The Tough Guy Behind Sharon

  • It's not as though Ariel Sharon is reluctant to listen to a hard line on security, but it helps when the tough talk comes from someone he trusts. Sharon's Mr. Security is Avi Dichter, head of the Shin Bet, Israel's domestic spy and security service. (The Mossad handles foreign intelligence.) According to Israeli intelligence officials, he has had a more profound effect on the Prime Minister's handling of Palestinian terrorists than any other adviser. "He has the Prime Minister's ear," says a senior Israeli security official. With 27 years' service in the Shin Bet, the mild-looking Dichter, who once worked as an undercover, in-flight security guard for El Al, knows how to talk to Sharon, who likes to hear details and facts rather than opinions.

    A workaholic who sleeps three hours a night, Dichter, 50, who is married and has three children, headed the Shin Bet's Gaza operations before he was chosen in 1995 to rebuild the organization's VIPprotection unit following the lapses that enabled an assassin to kill Prime Minister Yitzhak Rabin that year. Dichter was promoted to the top job in 2000 by then Prime Minister Ehud Barak. When the intifadeh broke out five months into Dichter's five-year term, he initiated a string of high-profile counteroperations that impressed Sharon even before he became Prime Minister.

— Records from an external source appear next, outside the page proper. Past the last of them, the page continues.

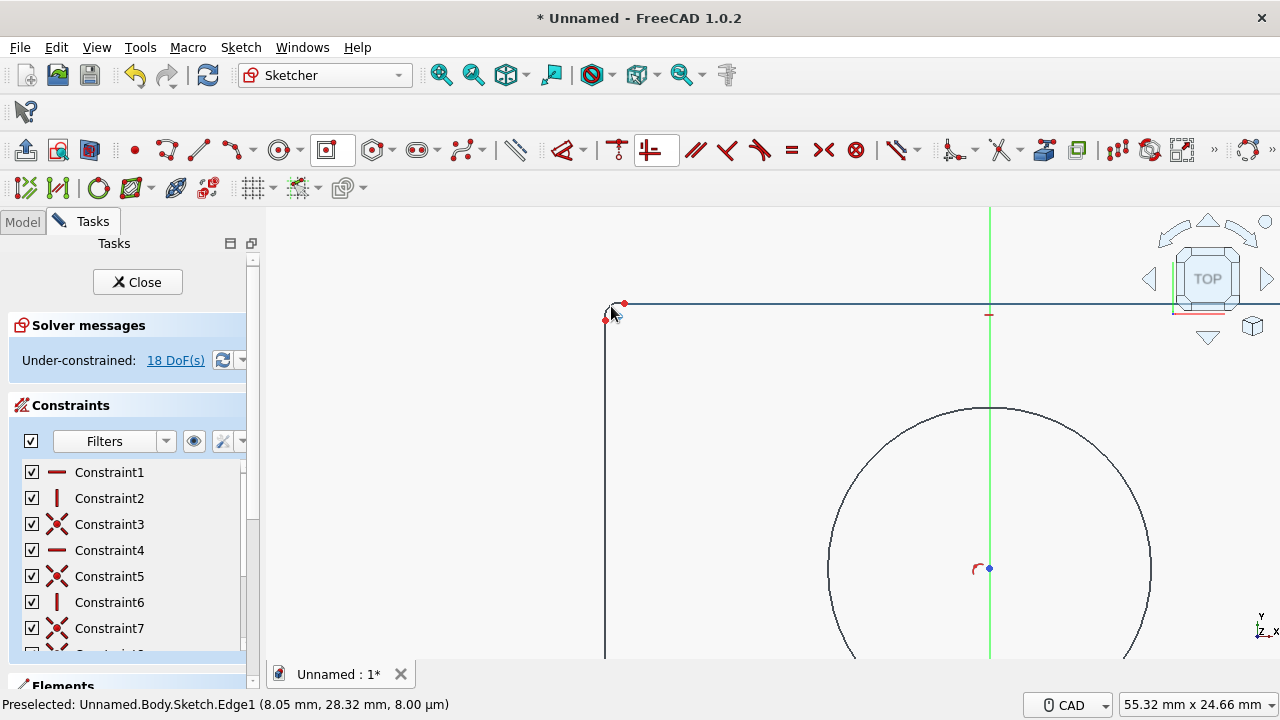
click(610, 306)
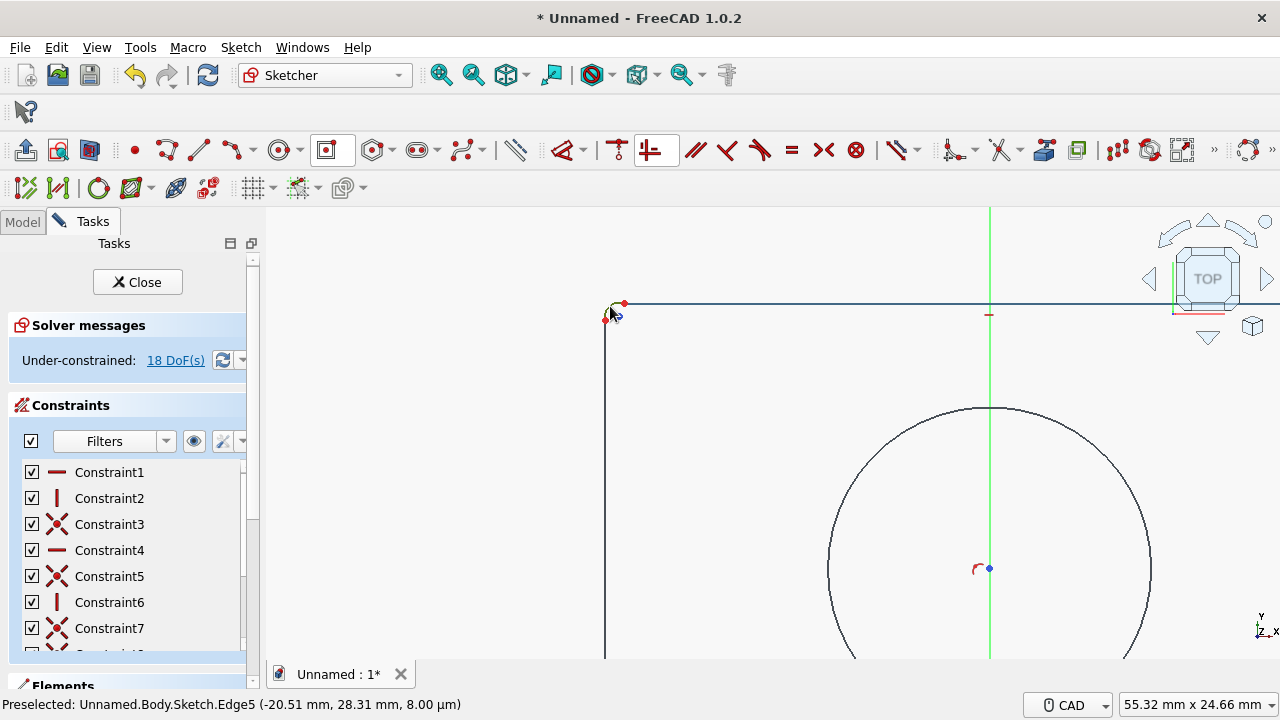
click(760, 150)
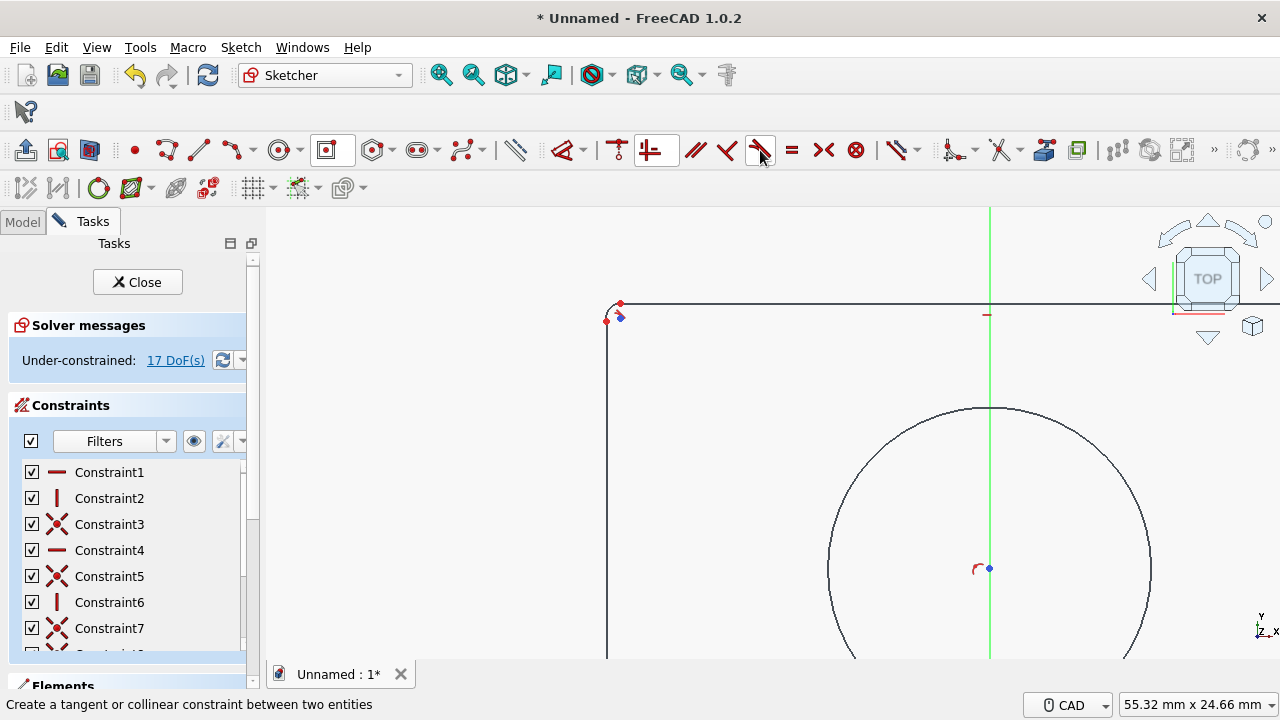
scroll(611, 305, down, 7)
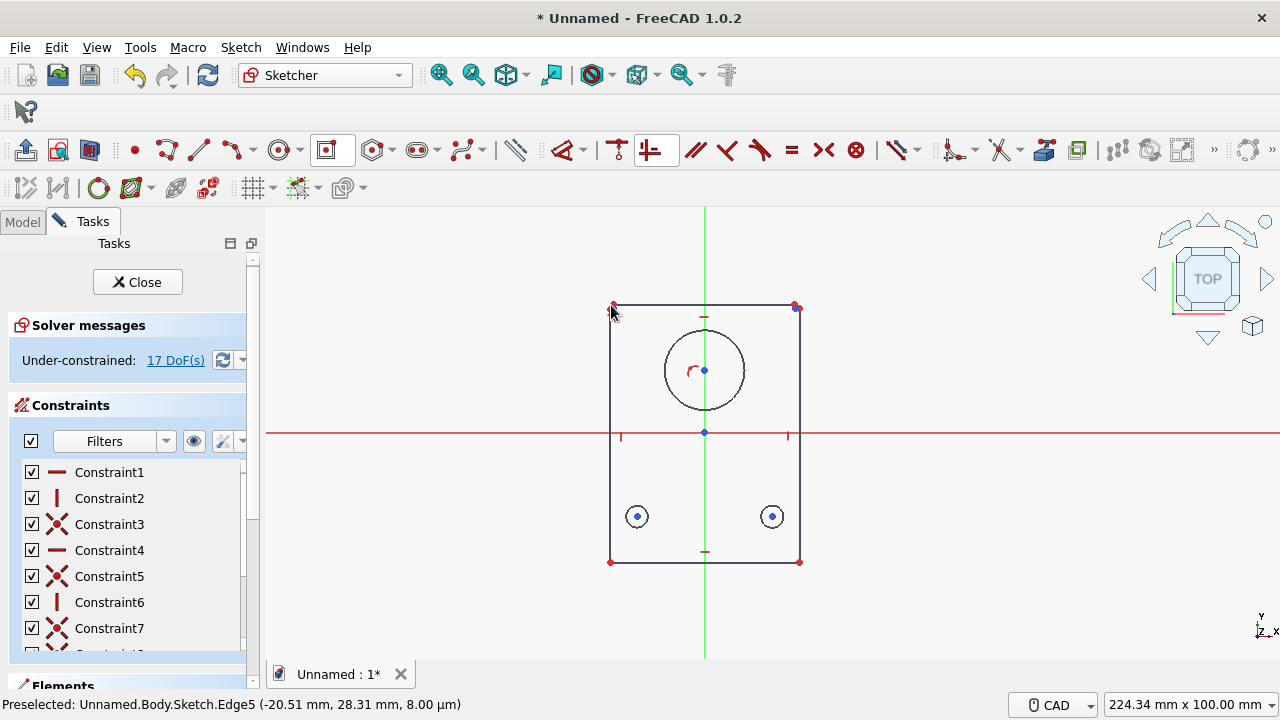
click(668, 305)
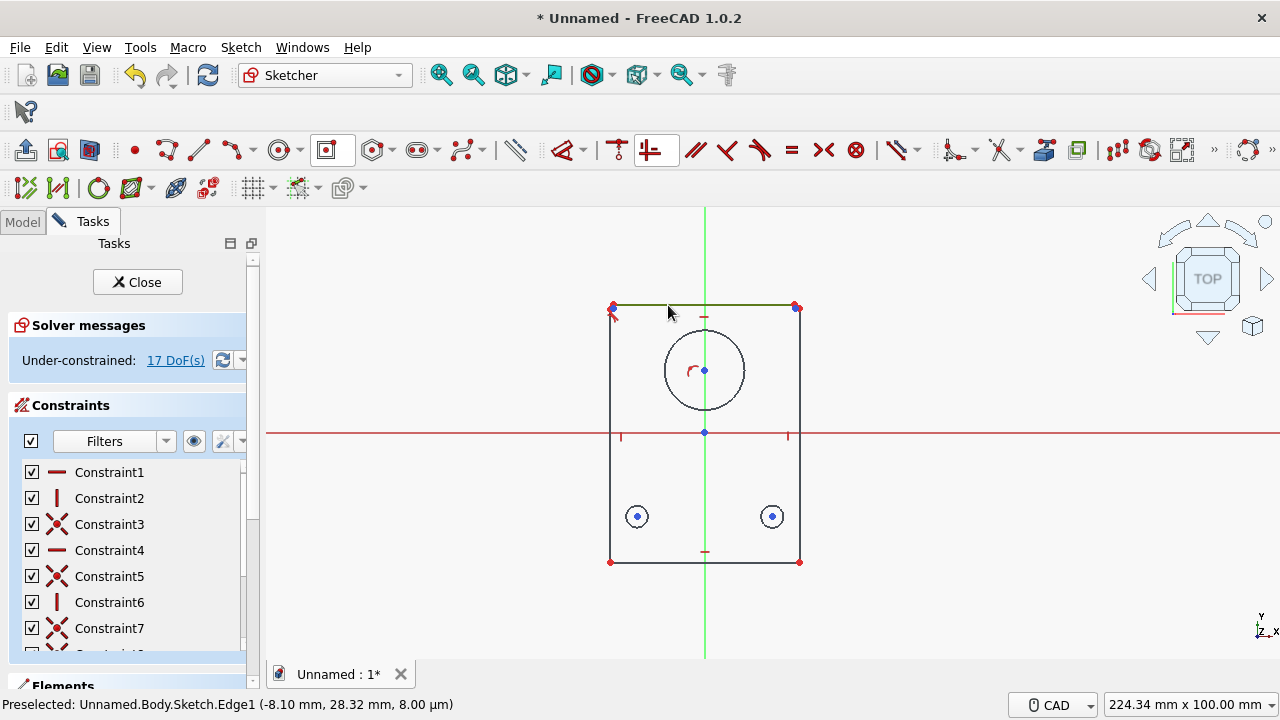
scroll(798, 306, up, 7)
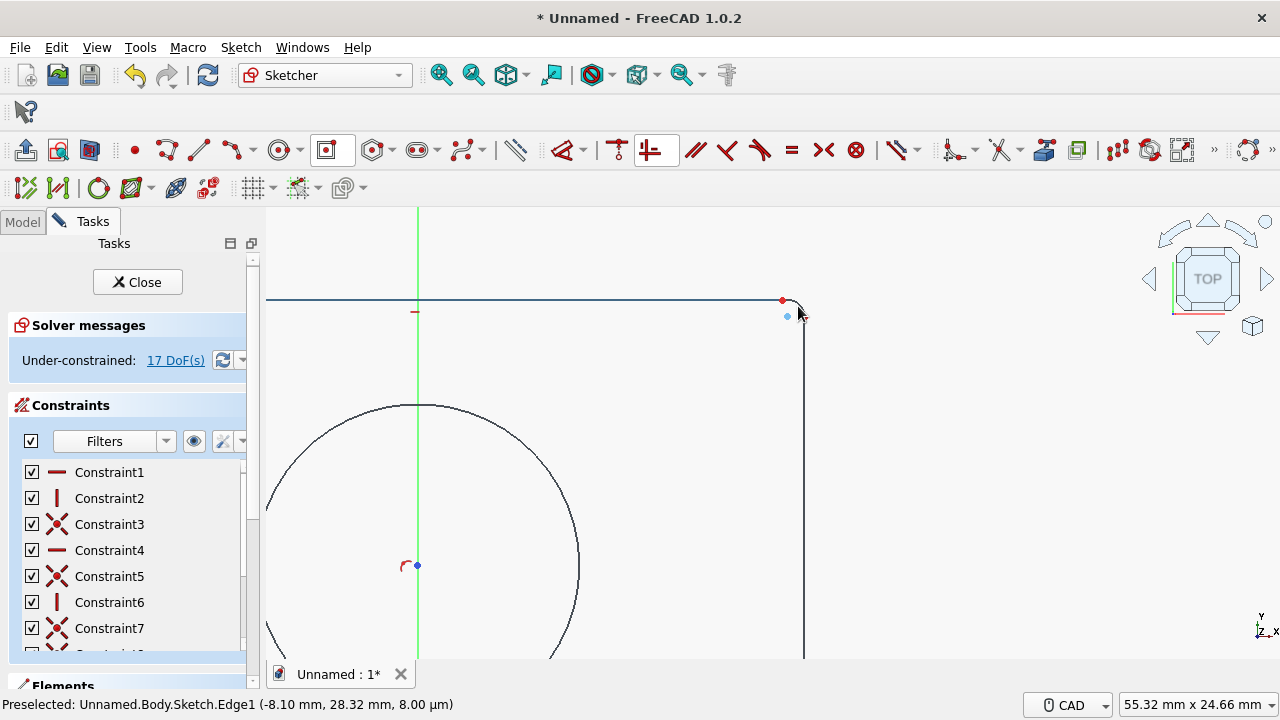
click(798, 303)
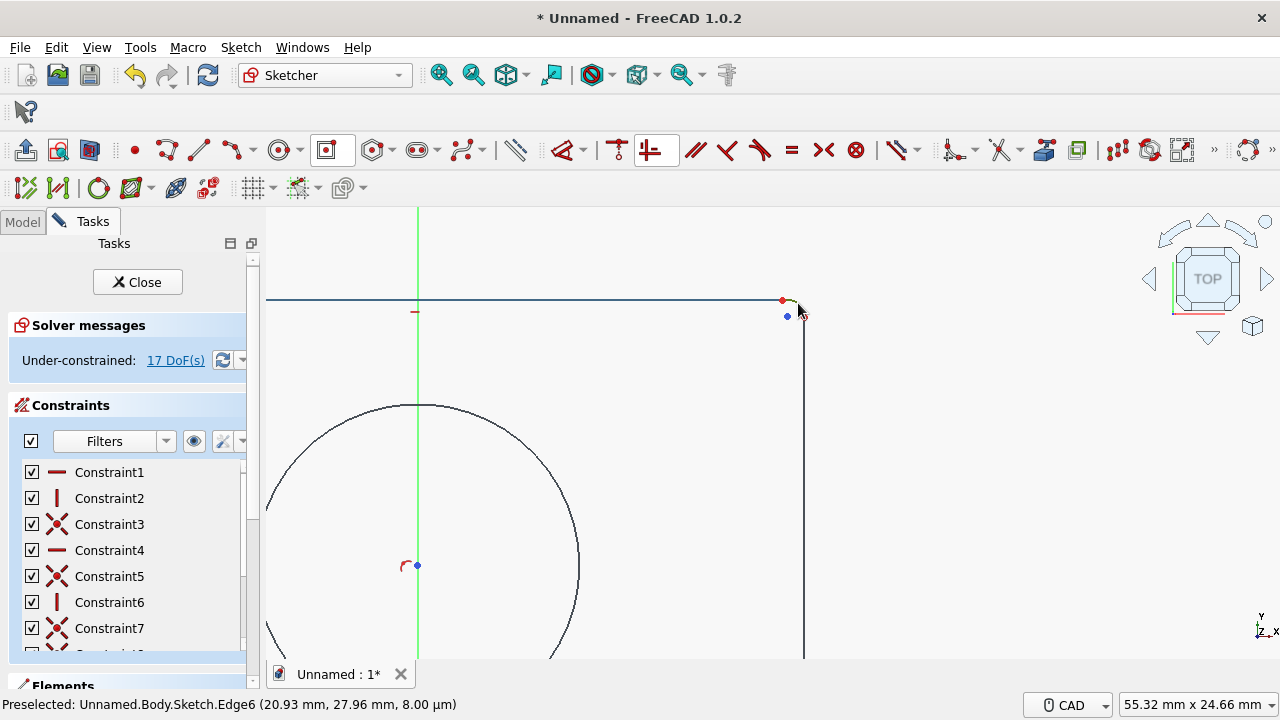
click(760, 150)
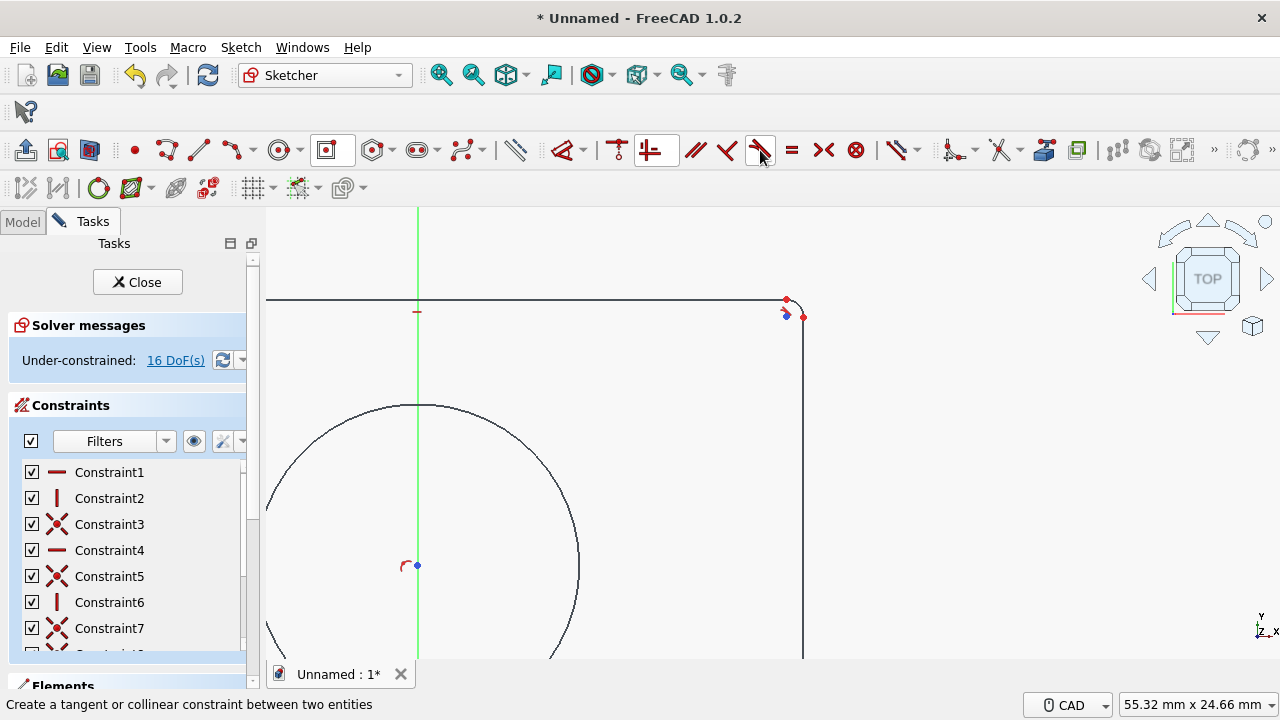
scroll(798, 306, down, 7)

To kill Hamas operatives, Dichter had his agents hide explosives in telephone booths and car-seat headrests; he pushed them to cut planning time for operations from months to mere hours. Dichter and Sharon share the same view of Palestinian leader Yasser Arafat: he is useless as a partner to Israel. The Shin Bet chief recently recalled a meeting with Arafat in 1996, amid an earlier Hamas bombing campaign. Arafat asked Dichter how he could improve the situation. Dichter, who is fluent in Arabic, replied that Arafat should arrest Mohammed Deif, then Hamas' military chief and a household name among Palestinians and Israelis. Arafat looked at his aides and asked, plainly disingenuously, "Mohammed who?" Nevertheless, Dichter has argued against exiling Arafat, believing he would be more dangerous where Israel could not keep an eye on him.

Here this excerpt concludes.